Src and FAK kinases cooperate to phosphorylate paxillin kinase linker, stimulate its focal adhesion localization, and regulate cell spreading and protrusiveness.

The ArfGAP paxillin kinase linker (PKL)/G protein-coupled receptor kinase-interacting protein (GIT)2 has been implicated in regulating cell spreading and motility through its transient recruitment of the p21-activated kinase (PAK) to focal adhesions. The Nck-PAK-PIX-PKL protein complex is recruited to focal adhesions by paxillin upon integrin engagement and Rac activation. In this report, we identify tyrosine-phosphorylated PKL as a protein that associates with the SH3-SH2 adaptor Nck, in a Src-dependent manner, after cell adhesion to fibronectin. Both cell adhesion and Rac activation stimulated PKL tyrosine phosphorylation. PKL is phosphorylated on tyrosine residues 286/392/592 by Src and/or FAK and these sites are required for PKL localization to focal adhesions and for paxillin binding. The absence of either FAK or Src-family kinases prevents PKL phosphorylation and suppresses localization of PKL but not GIT1 to focal adhesions after Rac activation. Expression of an activated FAK mutant in the absence of Src-family kinases partially restores PKL localization, suggesting that Src activation of FAK is required for PKL phosphorylation and localization. Overexpression of the nonphosphorylated GFP-PKL Triple YF mutant stimulates cell spreading and protrusiveness, similar to overexpression of a paxillin mutant that does not bind PKL, suggesting that failure to recruit PKL to focal adhesions interferes with normal cell spreading and motility.

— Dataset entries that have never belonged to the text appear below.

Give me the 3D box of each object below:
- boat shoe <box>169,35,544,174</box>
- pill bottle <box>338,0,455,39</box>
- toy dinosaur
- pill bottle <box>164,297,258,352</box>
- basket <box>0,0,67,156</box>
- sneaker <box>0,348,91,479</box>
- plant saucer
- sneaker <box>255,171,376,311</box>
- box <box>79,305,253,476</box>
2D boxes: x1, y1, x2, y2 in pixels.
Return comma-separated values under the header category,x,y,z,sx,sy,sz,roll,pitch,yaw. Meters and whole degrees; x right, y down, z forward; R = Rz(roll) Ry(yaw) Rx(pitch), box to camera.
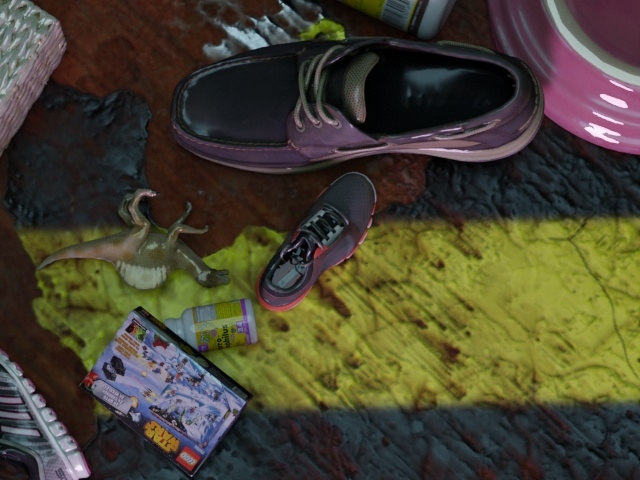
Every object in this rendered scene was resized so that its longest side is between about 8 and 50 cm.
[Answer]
category,x,y,z,sx,sy,sz,roll,pitch,yaw
boat shoe,0.030,-0.142,1.779,0.355,0.130,0.132,-4,77,5
pill bottle,0.035,-0.285,1.824,0.215,0.117,0.117,26,79,4
toy dinosaur,-0.173,0.000,1.794,0.183,0.053,0.093,8,80,1
pill bottle,-0.102,0.081,1.782,0.083,0.043,0.043,-10,78,-2
basket,-0.321,-0.157,1.795,0.103,0.113,0.167,28,80,3
sneaker,-0.287,0.166,1.752,0.075,0.063,0.170,-37,86,-14
plant saucer,0.327,-0.250,1.839,0.332,0.084,0.332,0,79,-1
sneaker,0.000,0.000,1.790,0.061,0.065,0.158,35,80,6
box,-0.142,0.139,1.759,0.137,0.027,0.094,38,107,7
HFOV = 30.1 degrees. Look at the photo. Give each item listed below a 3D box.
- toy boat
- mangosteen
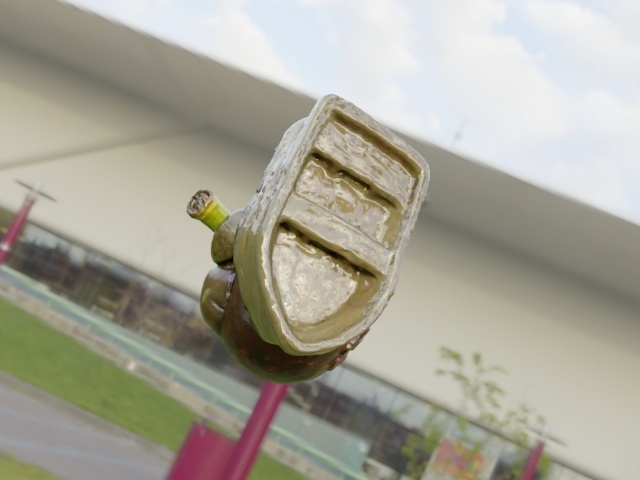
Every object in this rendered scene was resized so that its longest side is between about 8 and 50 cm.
[{"bbox_3d":[0.000,0.000,0.865,0.116,0.188,0.061,33,-25,-24],"label":"toy boat"},{"bbox_3d":[-0.037,0.037,1.024,0.181,0.156,0.145,28,-38,23],"label":"mangosteen"}]
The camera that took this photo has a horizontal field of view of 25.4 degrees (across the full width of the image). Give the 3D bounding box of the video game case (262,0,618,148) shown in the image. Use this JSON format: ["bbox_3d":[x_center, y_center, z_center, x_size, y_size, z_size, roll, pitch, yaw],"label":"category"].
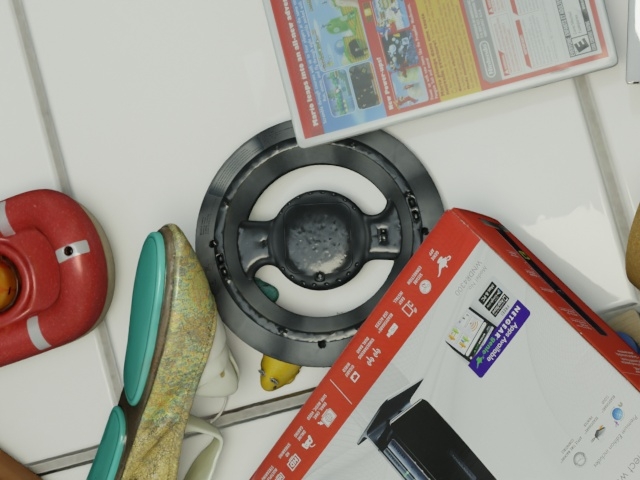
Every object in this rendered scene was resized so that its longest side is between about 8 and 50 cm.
[{"bbox_3d":[0.093,-0.212,1.225,0.285,0.025,0.204,-14,89,12],"label":"video game case"}]

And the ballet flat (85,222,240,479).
[{"bbox_3d":[-0.134,0.147,1.264,0.123,0.123,0.348,21,110,14],"label":"ballet flat"}]

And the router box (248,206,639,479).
[{"bbox_3d":[0.123,0.195,1.154,0.301,0.082,0.335,47,111,34],"label":"router box"}]

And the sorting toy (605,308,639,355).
[{"bbox_3d":[0.217,0.142,1.190,0.274,0.046,0.132,-31,54,23],"label":"sorting toy"}]

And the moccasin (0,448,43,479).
[{"bbox_3d":[-0.429,0.206,1.345,0.380,0.147,0.139,35,98,12],"label":"moccasin"}]

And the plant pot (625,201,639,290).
[{"bbox_3d":[0.379,0.023,1.108,0.254,0.237,0.237,21,95,28],"label":"plant pot"}]

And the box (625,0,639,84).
[{"bbox_3d":[0.378,-0.238,1.119,0.262,0.127,0.231,1,104,13],"label":"box"}]

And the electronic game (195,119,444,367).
[{"bbox_3d":[0.000,0.000,1.278,0.229,0.048,0.229,-1,83,7],"label":"electronic game"}]

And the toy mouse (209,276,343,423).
[{"bbox_3d":[-0.084,0.088,1.314,0.143,0.031,0.161,38,99,12],"label":"toy mouse"}]

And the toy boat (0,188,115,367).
[{"bbox_3d":[-0.310,0.040,1.312,0.231,0.151,0.151,-20,85,14],"label":"toy boat"}]
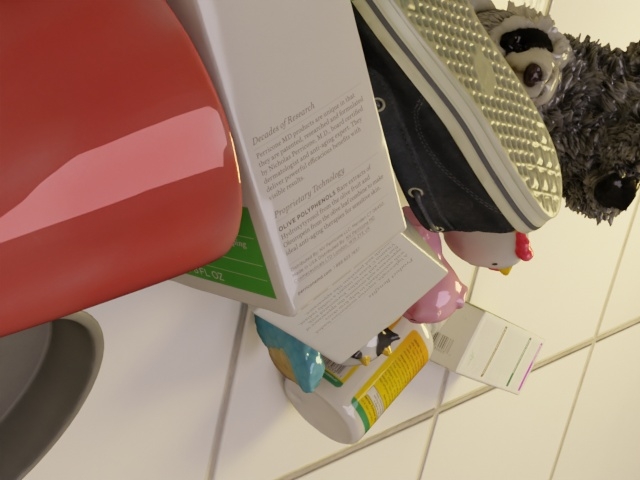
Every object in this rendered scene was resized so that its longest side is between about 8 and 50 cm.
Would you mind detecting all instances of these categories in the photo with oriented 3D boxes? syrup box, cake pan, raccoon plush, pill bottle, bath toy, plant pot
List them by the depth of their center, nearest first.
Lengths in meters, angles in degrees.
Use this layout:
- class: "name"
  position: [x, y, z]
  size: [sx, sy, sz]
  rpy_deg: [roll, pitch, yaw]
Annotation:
- class: "plant pot"
  position: [-0.232, -0.053, 0.949]
  size: [0.243, 0.275, 0.275]
  rpy_deg: [-31, 136, -27]
- class: "cake pan"
  position: [-0.305, 0.151, 1.081]
  size: [0.293, 0.054, 0.293]
  rpy_deg: [-41, 160, -18]
- class: "bath toy"
  position: [0.100, 0.046, 1.509]
  size: [0.348, 0.129, 0.151]
  rpy_deg: [-26, 132, -22]
- class: "pill bottle"
  position: [0.063, 0.135, 1.604]
  size: [0.208, 0.117, 0.118]
  rpy_deg: [-47, 144, -25]
- class: "raccoon plush"
  position: [0.245, -0.148, 1.676]
  size: [0.446, 0.299, 0.216]
  rpy_deg: [119, -8, -72]
- class: "syrup box"
  position: [0.218, 0.143, 1.849]
  size: [0.237, 0.093, 0.096]
  rpy_deg: [27, 89, -58]

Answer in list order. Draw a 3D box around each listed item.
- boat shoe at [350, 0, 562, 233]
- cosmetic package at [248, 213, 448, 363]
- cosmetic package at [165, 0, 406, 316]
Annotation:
- class: "boat shoe"
  position: [0.063, -0.193, 1.274]
  size: [0.500, 0.156, 0.187]
  rpy_deg: [54, 36, -28]
- class: "cosmetic package"
  position: [0.000, 0.000, 1.306]
  size: [0.151, 0.151, 0.183]
  rpy_deg: [-40, 146, 8]
- class: "cosmetic package"
  position: [-0.082, -0.145, 1.058]
  size: [0.155, 0.197, 0.366]
  rpy_deg: [-37, 122, -33]

Hic-5 regulates fibrillar adhesion formation to control tumor extracellular matrix remodeling through interaction with tensin1.

The linearization of the stromal extracellular matrix (ECM) by cancer-associated fibroblasts (CAFs) facilitates tumor cell growth and metastasis. However, the mechanism by which the ECM is remodeled is not fully understood. Hic-5 (TGFß1i1), a focal adhesion scaffold protein, has previously been reported to be crucial for stromal ECM deposition and remodeling in vivo. Herein we show that CAFs lacking Hic-5 exhibit a significant reduction in the ability to form fibrillar adhesions, a specialized form of focal adhesion that promote fibronectin fibrillogenesis. Hic-5 was found to promote fibrillar adhesion formation through a newly characterized interaction with tensin1. Furthermore, Src-dependent phosphorylation of Hic-5 facilitated the interaction with tensin1 to prevent ß1 integrin internalization and trafficking to the lysosome. The interaction between Hic-5 and tensin1 was mechanosensitive, promoting fibrillar adhesion formation and fibronectin fibrillogenesis in a rigidity-dependent fashion. Importantly, this Src-dependent mechanism was conserved in three-dimensional (3D) ECM environments. Immunohistochemistry of tensin1 showed enrichment in CAFs in vivo, which was abrogated upon deletion of Hic-5. Interestingly, elevated Hic-5 expression correlates with reduced distant metastasis-free survival in patients with basal-like, HER2+ and grade 3 tumors. Thus, we have identified Hic-5 as a crucial regulator of ECM remodeling in CAFs by promoting fibrillar adhesion formation through a novel interaction with tensin1.